■ Exercise requirements: Going down the listing below, print exactly each line from the one with "Output: JSON Lines, one" up to and including the one with "18. sneaker [55,396,234,515]", and skip the rest.

■ Dataset extract:

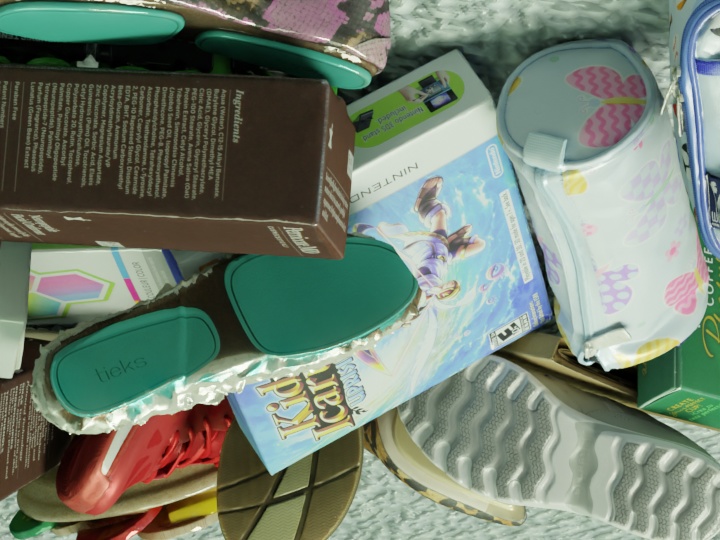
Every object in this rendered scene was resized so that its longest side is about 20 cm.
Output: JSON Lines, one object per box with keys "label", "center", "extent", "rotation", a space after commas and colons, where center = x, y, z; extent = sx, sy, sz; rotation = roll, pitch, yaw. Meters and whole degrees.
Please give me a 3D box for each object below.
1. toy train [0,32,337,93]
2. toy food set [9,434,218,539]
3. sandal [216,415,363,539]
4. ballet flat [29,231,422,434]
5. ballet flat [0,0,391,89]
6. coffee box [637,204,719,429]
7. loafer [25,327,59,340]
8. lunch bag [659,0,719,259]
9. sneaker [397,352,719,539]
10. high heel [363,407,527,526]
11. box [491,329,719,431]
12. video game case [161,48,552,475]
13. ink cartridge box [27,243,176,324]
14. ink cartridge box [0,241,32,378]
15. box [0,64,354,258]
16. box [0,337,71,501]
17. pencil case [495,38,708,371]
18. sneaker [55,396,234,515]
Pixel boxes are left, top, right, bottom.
{"label": "toy train", "center": [-0.105, -0.105, 1.438], "extent": [0.200, 0.042, 0.056], "rotation": [4, 164, -8]}
{"label": "toy food set", "center": [-0.122, 0.121, 1.787], "extent": [0.200, 0.049, 0.198], "rotation": [-16, -167, -1]}
{"label": "sandal", "center": [-0.036, 0.078, 1.631], "extent": [0.080, 0.200, 0.054], "rotation": [1, 150, 3]}
{"label": "ballet flat", "center": [-0.070, 0.031, 1.424], "extent": [0.200, 0.072, 0.072], "rotation": [-17, 158, -14]}
{"label": "ballet flat", "center": [-0.079, -0.133, 1.337], "extent": [0.200, 0.071, 0.069], "rotation": [8, 169, -21]}
{"label": "coffee box", "center": [0.247, 0.038, 1.636], "extent": [0.200, 0.123, 0.044], "rotation": [13, 155, -27]}
{"label": "loafer", "center": [-0.148, 0.073, 1.767], "extent": [0.200, 0.068, 0.076], "rotation": [1, 172, 10]}
{"label": "lunch bag", "center": [0.239, -0.086, 1.356], "extent": [0.200, 0.076, 0.160], "rotation": [-6, 120, 2]}
{"label": "sneaker", "center": [0.113, 0.100, 1.619], "extent": [0.200, 0.075, 0.082], "rotation": [25, -171, 9]}
{"label": "high heel", "center": [0.029, 0.095, 1.716], "extent": [0.071, 0.200, 0.143], "rotation": [-42, 162, -13]}
{"label": "box", "center": [0.116, 0.056, 1.694], "extent": [0.163, 0.021, 0.200], "rotation": [20, 176, -33]}
{"label": "video game case", "center": [0.000, 0.000, 1.513], "extent": [0.181, 0.045, 0.200], "rotation": [-28, 142, -6]}
{"label": "ink cartridge box", "center": [-0.194, -0.014, 1.607], "extent": [0.200, 0.059, 0.104], "rotation": [-1, 157, 6]}
{"label": "ink cartridge box", "center": [-0.265, -0.033, 1.467], "extent": [0.200, 0.146, 0.083], "rotation": [5, 156, -10]}
{"label": "box", "center": [-0.108, -0.051, 1.367], "extent": [0.200, 0.075, 0.100], "rotation": [2, 171, 8]}
{"label": "box", "center": [-0.225, 0.079, 1.548], "extent": [0.100, 0.075, 0.200], "rotation": [7, -175, 8]}
{"label": "pencil case", "center": [0.125, -0.032, 1.499], "extent": [0.083, 0.091, 0.200], "rotation": [33, 159, 31]}
{"label": "sneaker", "center": [-0.088, 0.092, 1.645], "extent": [0.116, 0.200, 0.078], "rotation": [41, 133, -8]}
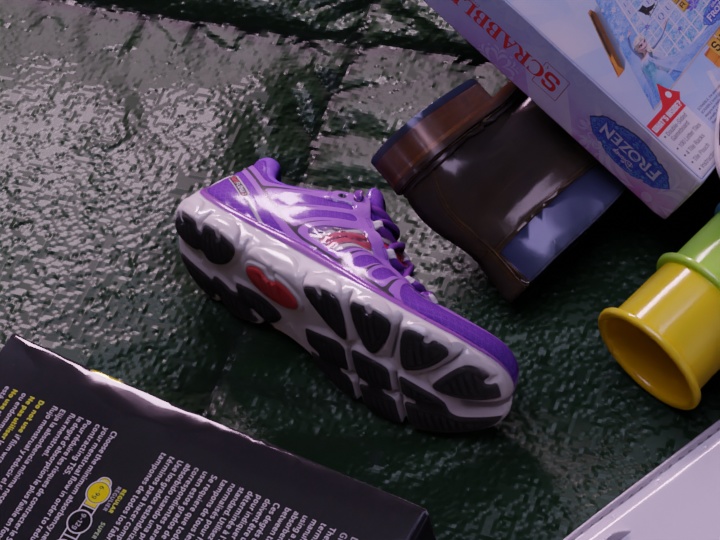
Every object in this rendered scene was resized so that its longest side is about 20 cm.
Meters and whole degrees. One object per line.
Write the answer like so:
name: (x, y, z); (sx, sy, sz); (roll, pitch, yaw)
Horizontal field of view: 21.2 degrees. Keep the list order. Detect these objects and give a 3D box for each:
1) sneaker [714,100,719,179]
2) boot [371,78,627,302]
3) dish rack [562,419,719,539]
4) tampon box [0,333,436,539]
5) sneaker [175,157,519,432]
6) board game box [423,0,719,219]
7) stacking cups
sneaker: (0.194, -0.037, 0.803); (0.073, 0.112, 0.201); (4, 64, 0)
boot: (0.107, -0.065, 0.952); (0.200, 0.075, 0.097); (-33, 81, -25)
dish rack: (0.182, 0.128, 0.800); (0.200, 0.044, 0.172); (-35, 56, -13)
tampon box: (-0.075, 0.142, 0.773); (0.199, 0.150, 0.126); (21, 62, 23)
sneaker: (0.000, 0.000, 0.906); (0.200, 0.081, 0.083); (34, 62, 30)
board game box: (0.131, -0.156, 0.935); (0.199, 0.041, 0.200); (43, 56, 3)
stacking cups: (0.199, -0.021, 0.888); (0.200, 0.061, 0.060); (-41, 58, -16)
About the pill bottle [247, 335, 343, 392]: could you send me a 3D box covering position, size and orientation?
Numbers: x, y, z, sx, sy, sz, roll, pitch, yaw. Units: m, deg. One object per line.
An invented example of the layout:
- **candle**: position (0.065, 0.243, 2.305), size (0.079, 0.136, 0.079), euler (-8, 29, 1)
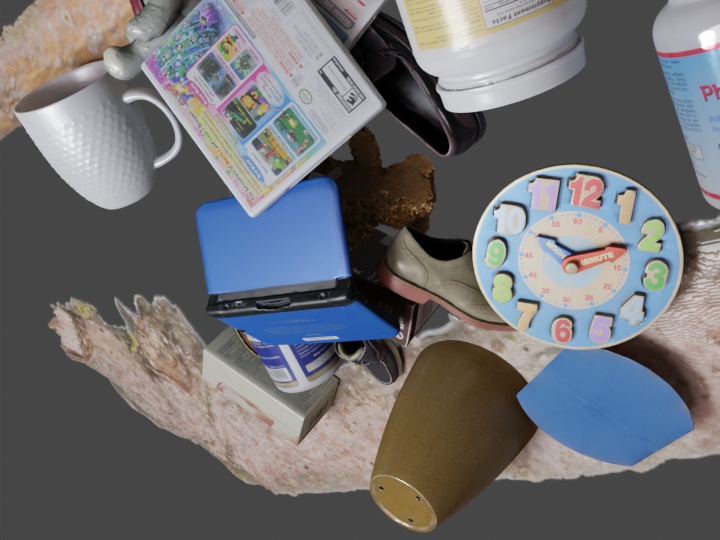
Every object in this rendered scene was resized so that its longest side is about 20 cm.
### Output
- **pill bottle**: position (-0.111, 0.065, 0.999), size (0.116, 0.116, 0.200), euler (-5, 119, 42)

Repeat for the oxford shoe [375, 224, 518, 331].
- **oxford shoe**: position (0.121, 0.010, 0.765), size (0.200, 0.070, 0.075), euler (17, 122, -13)

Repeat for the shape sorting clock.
- **shape sorting clock**: position (0.209, -0.008, 0.691), size (0.200, 0.039, 0.200), euler (8, 114, 19)

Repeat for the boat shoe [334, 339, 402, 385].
- **boat shoe**: position (-0.004, 0.097, 0.959), size (0.072, 0.065, 0.200), euler (7, 139, 36)

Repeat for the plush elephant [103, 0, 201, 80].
- **plush elephant**: position (-0.224, -0.326, 0.743), size (0.200, 0.165, 0.155), euler (-25, 122, 19)

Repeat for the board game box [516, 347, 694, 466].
- **board game box**: position (0.281, 0.147, 0.806), size (0.158, 0.039, 0.200), euler (33, 143, 7)

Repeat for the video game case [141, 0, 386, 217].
- **video game case**: position (-0.101, -0.186, 0.699), size (0.182, 0.024, 0.200), euler (-37, 88, 21)

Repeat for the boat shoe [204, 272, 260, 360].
- **boat shoe**: position (-0.162, 0.065, 1.075), size (0.200, 0.072, 0.068), euler (50, 140, -6)

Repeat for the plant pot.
- **plant pot**: position (0.101, 0.222, 0.891), size (0.186, 0.200, 0.186), euler (22, 133, 25)

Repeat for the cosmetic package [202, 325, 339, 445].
- **cosmetic package**: position (-0.148, 0.176, 1.133), size (0.200, 0.103, 0.087), euler (33, 137, 16)

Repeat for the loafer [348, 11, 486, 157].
- **loafer**: position (0.039, -0.191, 0.704), size (0.200, 0.063, 0.072), euler (42, 138, 4)

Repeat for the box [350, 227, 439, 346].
- **box**: position (0.000, 0.000, 0.868), size (0.200, 0.100, 0.075), euler (24, 134, 21)

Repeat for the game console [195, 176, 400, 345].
- **game console**: position (-0.071, 0.000, 0.786), size (0.200, 0.118, 0.171), euler (-7, 152, 33)

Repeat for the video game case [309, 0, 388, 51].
- **video game case**: position (-0.067, -0.262, 0.698), size (0.143, 0.018, 0.200), euler (43, 110, 3)

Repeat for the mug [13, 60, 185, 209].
- **mug**: position (-0.343, -0.188, 0.980), size (0.200, 0.148, 0.175), euler (-15, 125, 13)

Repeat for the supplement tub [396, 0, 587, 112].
- **supplement tub**: position (0.095, -0.243, 0.553), size (0.145, 0.145, 0.200), euler (-1, 122, 40)

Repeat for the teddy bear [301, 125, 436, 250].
- **teddy bear**: position (-0.015, -0.088, 0.793), size (0.067, 0.200, 0.145), euler (64, -168, -79)

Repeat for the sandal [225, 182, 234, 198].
- **sandal**: position (-0.136, -0.097, 0.913), size (0.076, 0.043, 0.200), euler (-18, 85, 30)

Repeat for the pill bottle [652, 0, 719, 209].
- **pill bottle**: position (0.279, -0.149, 0.505), size (0.109, 0.109, 0.200), euler (-9, 117, 43)
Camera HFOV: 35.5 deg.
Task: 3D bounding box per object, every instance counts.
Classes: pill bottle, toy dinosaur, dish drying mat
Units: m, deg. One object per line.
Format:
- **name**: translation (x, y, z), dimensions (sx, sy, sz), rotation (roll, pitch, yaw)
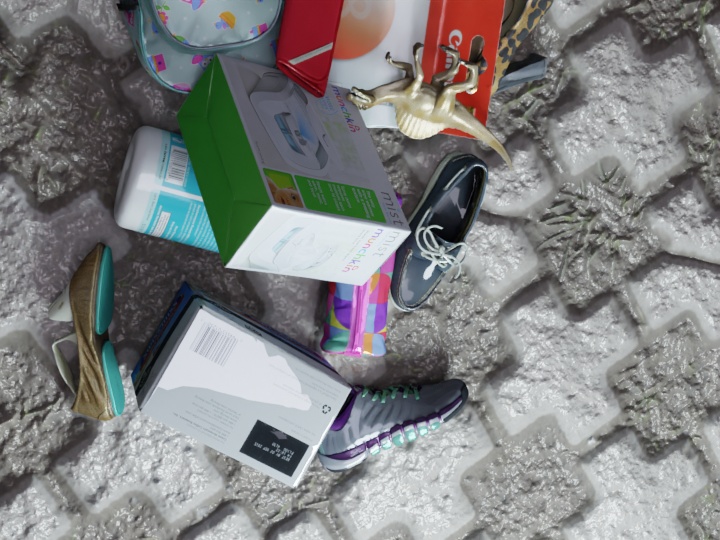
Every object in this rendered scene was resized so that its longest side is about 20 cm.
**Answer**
- **pill bottle**: translation (-0.157, -0.077, 1.209), dimensions (0.198, 0.111, 0.112), rotation (15, 98, -18)
- **toy dinosaur**: translation (0.084, -0.182, 1.194), dimensions (0.198, 0.058, 0.102), rotation (18, 112, -13)
- **dish drying mat**: translation (-0.043, -0.283, 1.152), dimensions (0.077, 0.018, 0.202), rotation (29, 64, -42)

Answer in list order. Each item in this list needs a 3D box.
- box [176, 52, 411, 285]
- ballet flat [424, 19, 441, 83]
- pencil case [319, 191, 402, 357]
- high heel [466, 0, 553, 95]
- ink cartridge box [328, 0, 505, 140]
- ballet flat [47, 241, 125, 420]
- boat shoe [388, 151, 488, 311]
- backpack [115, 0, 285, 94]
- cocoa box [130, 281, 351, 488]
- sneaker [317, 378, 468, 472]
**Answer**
- **box**: translation (-0.069, -0.096, 1.124), dimensions (0.175, 0.201, 0.097), rotation (8, 137, -38)
- **ballet flat**: translation (0.073, -0.289, 1.258), dimensions (0.075, 0.068, 0.202), rotation (14, 99, 2)
- **pencil case**: translation (0.000, 0.000, 1.286), dimensions (0.087, 0.088, 0.202), rotation (1, 103, -16)
- **high heel**: translation (0.146, -0.293, 1.254), dimensions (0.142, 0.071, 0.202), rotation (-21, 116, -30)
- **ink cartridge box**: translation (0.045, -0.232, 1.216), dimensions (0.198, 0.050, 0.164), rotation (12, 101, 19)
- **ballet flat**: translation (-0.303, 0.069, 1.232), dimensions (0.072, 0.068, 0.202), rotation (0, 107, 4)
- **boat shoe**: translation (0.094, -0.041, 1.314), dimensions (0.074, 0.062, 0.201), rotation (27, 94, -21)
- **backpack**: translation (-0.158, -0.278, 1.146), dimensions (0.174, 0.153, 0.202), rotation (-15, 112, -18)
- **cocoa box**: translation (-0.136, 0.124, 1.248), dimensions (0.199, 0.131, 0.134), rotation (30, 92, -20)
- **sneaker**: translation (0.031, 0.161, 1.337), dimensions (0.199, 0.074, 0.088), rotation (-26, 103, -8)
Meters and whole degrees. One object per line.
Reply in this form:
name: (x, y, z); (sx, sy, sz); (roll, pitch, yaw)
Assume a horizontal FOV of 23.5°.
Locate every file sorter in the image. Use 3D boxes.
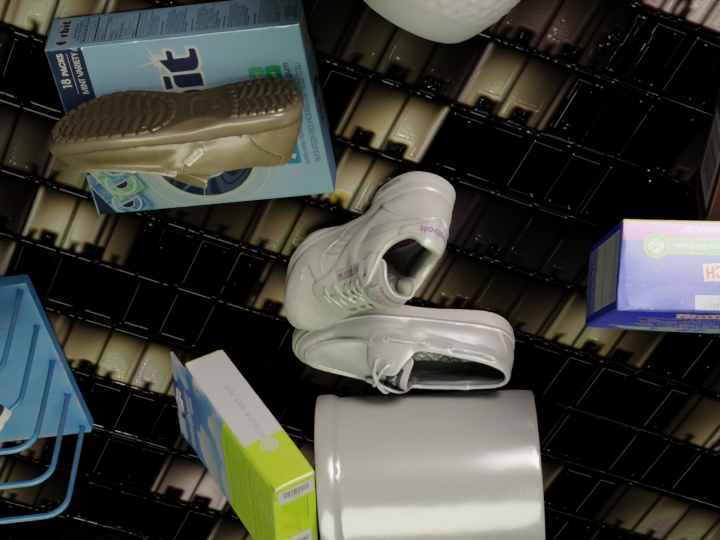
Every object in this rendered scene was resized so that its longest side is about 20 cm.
file sorter: (-0.344, 0.123, 1.567); (0.138, 0.123, 0.200); (-7, 132, 8)

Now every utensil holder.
utensil holder: (0.064, 0.193, 1.590); (0.200, 0.170, 0.170); (-4, 133, 2)

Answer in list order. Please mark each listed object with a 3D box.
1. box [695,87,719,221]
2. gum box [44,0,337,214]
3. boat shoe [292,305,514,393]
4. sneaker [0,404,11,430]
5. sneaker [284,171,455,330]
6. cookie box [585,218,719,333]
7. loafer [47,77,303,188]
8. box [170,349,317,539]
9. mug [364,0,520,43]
box: (0.377, -0.083, 1.380); (0.200, 0.075, 0.100); (6, 133, -1)
gum box: (-0.130, -0.129, 1.375); (0.200, 0.045, 0.170); (-4, 133, 7)
boat shoe: (0.038, 0.078, 1.546); (0.200, 0.069, 0.072); (5, 133, -2)
sneaker: (-0.389, 0.139, 1.461); (0.200, 0.076, 0.081); (-29, 114, 21)
sneaker: (0.000, 0.000, 1.454); (0.075, 0.100, 0.200); (29, 129, -26)
cookie box: (0.278, 0.008, 1.393); (0.171, 0.075, 0.200); (2, 175, 0)
loafer: (-0.139, -0.097, 1.322); (0.200, 0.076, 0.068); (-5, 125, 7)
box: (-0.106, 0.167, 1.578); (0.048, 0.200, 0.122); (-22, 137, -21)
mug: (0.053, -0.265, 1.169); (0.200, 0.148, 0.176); (40, 118, 20)
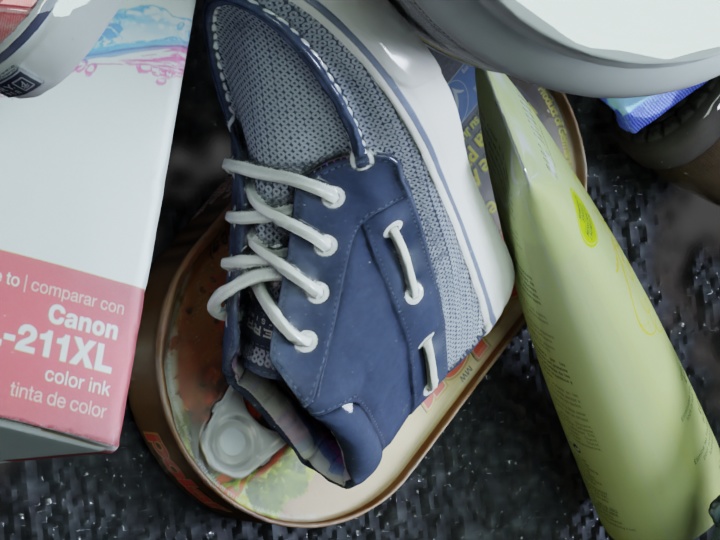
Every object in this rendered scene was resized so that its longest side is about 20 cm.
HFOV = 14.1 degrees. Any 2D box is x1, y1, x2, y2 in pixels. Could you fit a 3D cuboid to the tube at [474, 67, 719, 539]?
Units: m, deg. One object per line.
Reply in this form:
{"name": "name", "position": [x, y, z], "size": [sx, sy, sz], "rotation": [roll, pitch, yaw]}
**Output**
{"name": "tube", "position": [0.078, 0.014, 0.992], "size": [0.052, 0.058, 0.201], "rotation": [-51, 134, -27]}

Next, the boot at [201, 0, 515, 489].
{"name": "boot", "position": [-0.014, -0.015, 0.898], "size": [0.091, 0.072, 0.200], "rotation": [-55, 141, -20]}

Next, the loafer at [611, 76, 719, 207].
{"name": "loafer", "position": [0.167, -0.102, 1.100], "size": [0.071, 0.073, 0.200], "rotation": [48, 69, -30]}

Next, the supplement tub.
{"name": "supplement tub", "position": [0.065, -0.125, 0.841], "size": [0.144, 0.200, 0.146], "rotation": [-1, 96, -7]}

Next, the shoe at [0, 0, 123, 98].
{"name": "shoe", "position": [-0.077, -0.152, 0.782], "size": [0.091, 0.071, 0.201], "rotation": [36, 73, -28]}

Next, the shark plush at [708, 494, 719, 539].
{"name": "shark plush", "position": [0.119, 0.122, 1.007], "size": [0.083, 0.091, 0.201], "rotation": [16, 115, -5]}

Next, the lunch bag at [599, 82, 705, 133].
{"name": "lunch bag", "position": [0.107, -0.155, 0.983], "size": [0.200, 0.094, 0.151], "rotation": [-38, 103, -14]}

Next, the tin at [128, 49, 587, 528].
{"name": "tin", "position": [0.000, 0.000, 1.003], "size": [0.112, 0.042, 0.200], "rotation": [46, 65, -14]}

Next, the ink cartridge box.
{"name": "ink cartridge box", "position": [-0.118, -0.049, 0.873], "size": [0.082, 0.146, 0.201], "rotation": [15, 78, -27]}

■ Answer space:
Output: JSON Lines, one object per box with keys "label", "center", "extent", "rotation", a space after commas and colons, where center = x, y, z; extent = sx, sy, sz; rotation = roll, pitch, yaw. Meters and whole degrees.
Please give me a 3D box for each object below.
1. toy train [0,32,337,93]
2. toy food set [9,434,218,539]
3. sandal [216,415,363,539]
4. ballet flat [29,231,422,434]
5. ballet flat [0,0,391,89]
6. coffee box [637,204,719,429]
7. loafer [25,327,59,340]
8. lunch bag [659,0,719,259]
9. sneaker [397,352,719,539]
10. high heel [363,407,527,526]
11. box [491,329,719,431]
12. video game case [161,48,552,475]
13. ink cartridge box [27,243,176,324]
14. ink cartridge box [0,241,32,378]
15. box [0,64,354,258]
16. box [0,337,71,501]
17. pencil case [495,38,708,371]
18. sneaker [55,396,234,515]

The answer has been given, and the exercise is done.